A fresh look at my roots

This follows the previous post on this topic here, and the next installment is here.

Update: Let me invite you to look at my blog chronicling my year in Kuwait here.

The title comes from this quote:

… To look back isn’t necessarily to be nostalgic… Winston Churchill my first Prime Minister said, “the further back you look, the further forward you see”… (“Elizabeth: The Unseen Queen”, BBC1 TV, 29/5/2022)

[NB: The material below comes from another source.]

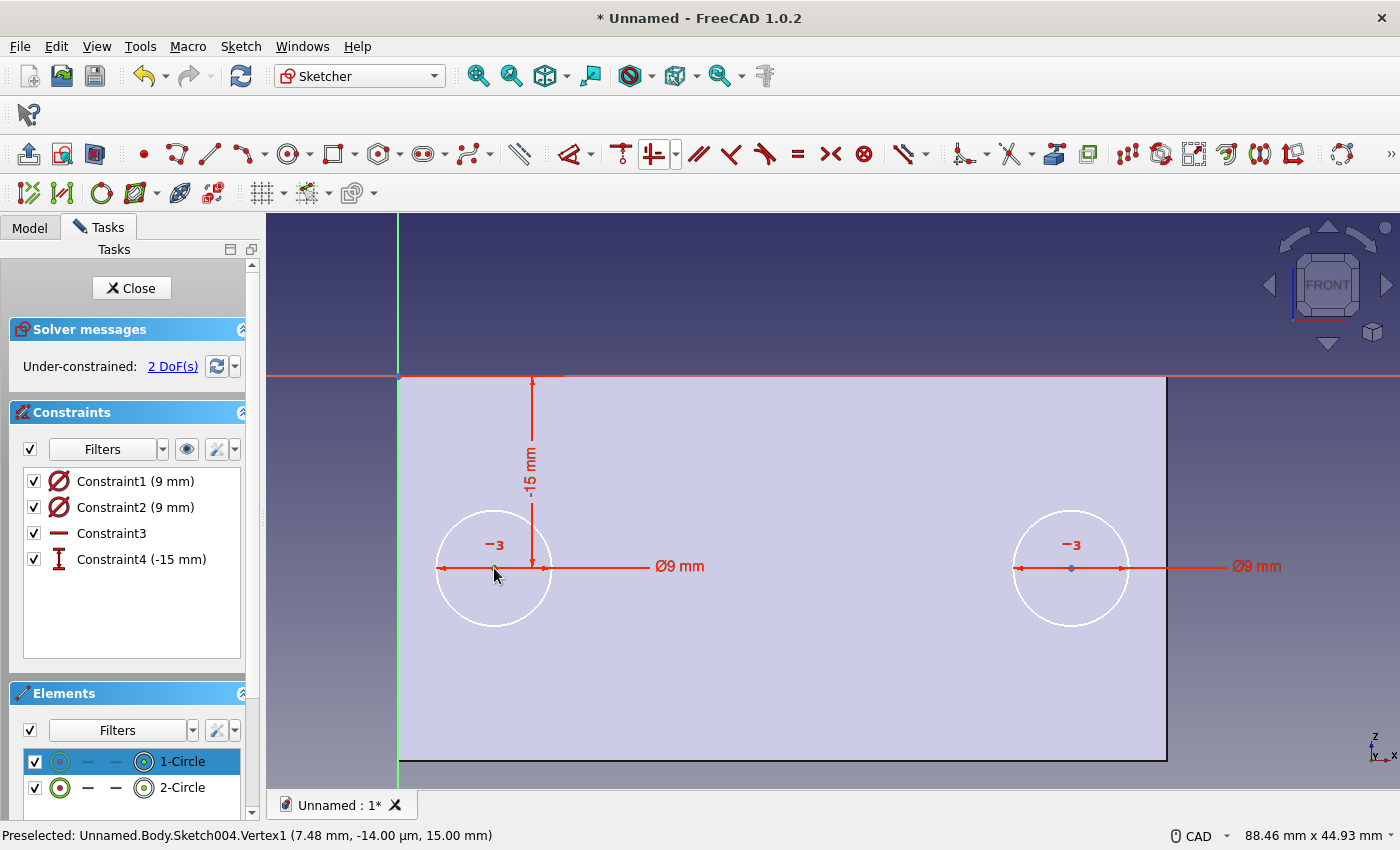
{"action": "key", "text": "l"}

I co-counsel on my past to try and get to the bottom of my emotional baggage. I was a rebel teen who had loved Australia, rejected France and emigrated to Canada. I married a local lass, and leaving her spurred my self-rediscovery aided by my second wife. I recovered thus my Hungarian, French then refugee heritages 30, 20 and 10 years ago. Having repatriated to the UK from the US and left my second wife, I’m recovering the faith I grew up with: I believe it was the missing ingredient in two self-centered marriages — speaking only for myself and owning my mistakes — and I’m finding a voice, purpose and solace through God. Follow this series indexed in the subtitle for more.

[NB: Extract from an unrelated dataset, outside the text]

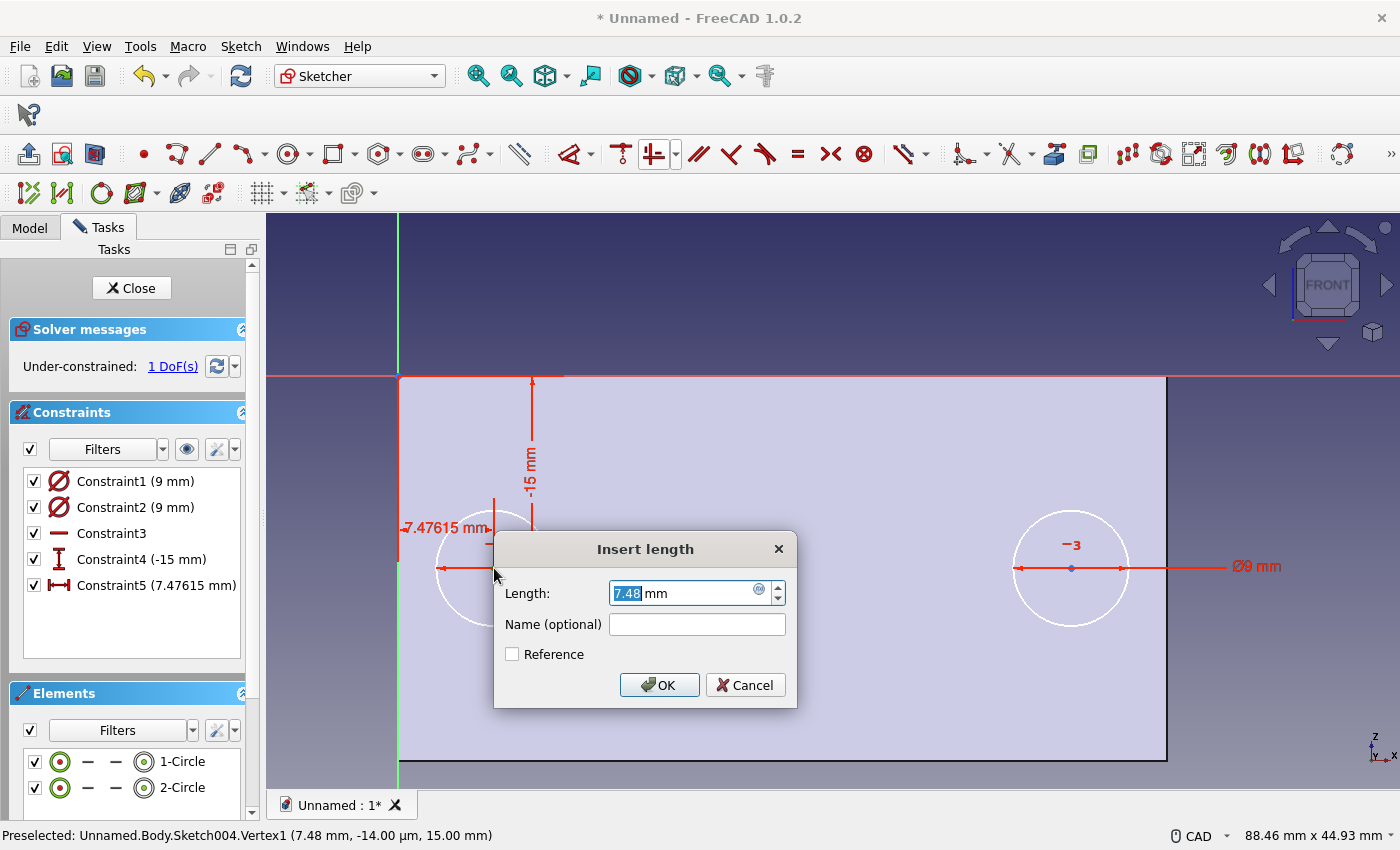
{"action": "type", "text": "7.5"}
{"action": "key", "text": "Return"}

A friend recently told me I look fitter (lost 8 kg. / 17 lb.) and happier (smile more and humour not so dark) since I “hard reset” my life earlier this year…

Just as in the TV show mentioned atop, photography has been important in my family’s life as a means to record events since before WWII. My father was an excellent photographer, and my brother arranged to have his slides as well as prints from family archives scanned about 10 yrs. ago — this filled almost half a DVD, and a selection of slides are posted as a collection — below is its title page. My late cousin’s ex also shared about 5 yrs. ago their annotated family print albums I posted here.

click to enlarge, go to page

Late 2019 — early 2020 saw the Homelands exhibit at Cambridge Kettle’s Yard. Desmond Lazaro a miniaturist from Leeds UK now in Pondicherry IN interviewed six migrants incl. me, and my miniature is the third one from the left:

click to enlarge, from Karen Thomas @ Kettles Yard, see my own album

My album intro says: Desmond Lazaro miniaturist interviewed me as a Hungarian migrant and was struck by family photos, two of which he used to create a miniature capturing the essence of my experience: a boy travelling the world aged six, looking away from yet surveilled by two ancestors from pre-World Wars Budapest.
Homelands: Art from Bangladesh, India and Pakistan, 12 November 2019–2 February 2020, Kettles Yard Museum, Cambridge UK

The exhibit page is here. It scarcely mentions however Lazaro’s work to interview half a dozen refugees and to tell their stories in this exhibit, showing four at left in the shot above. It underscored nonetheless the interest in and usefulness of recording past histories, especially for migrants. Thank you Karen Thomas for facilitating this!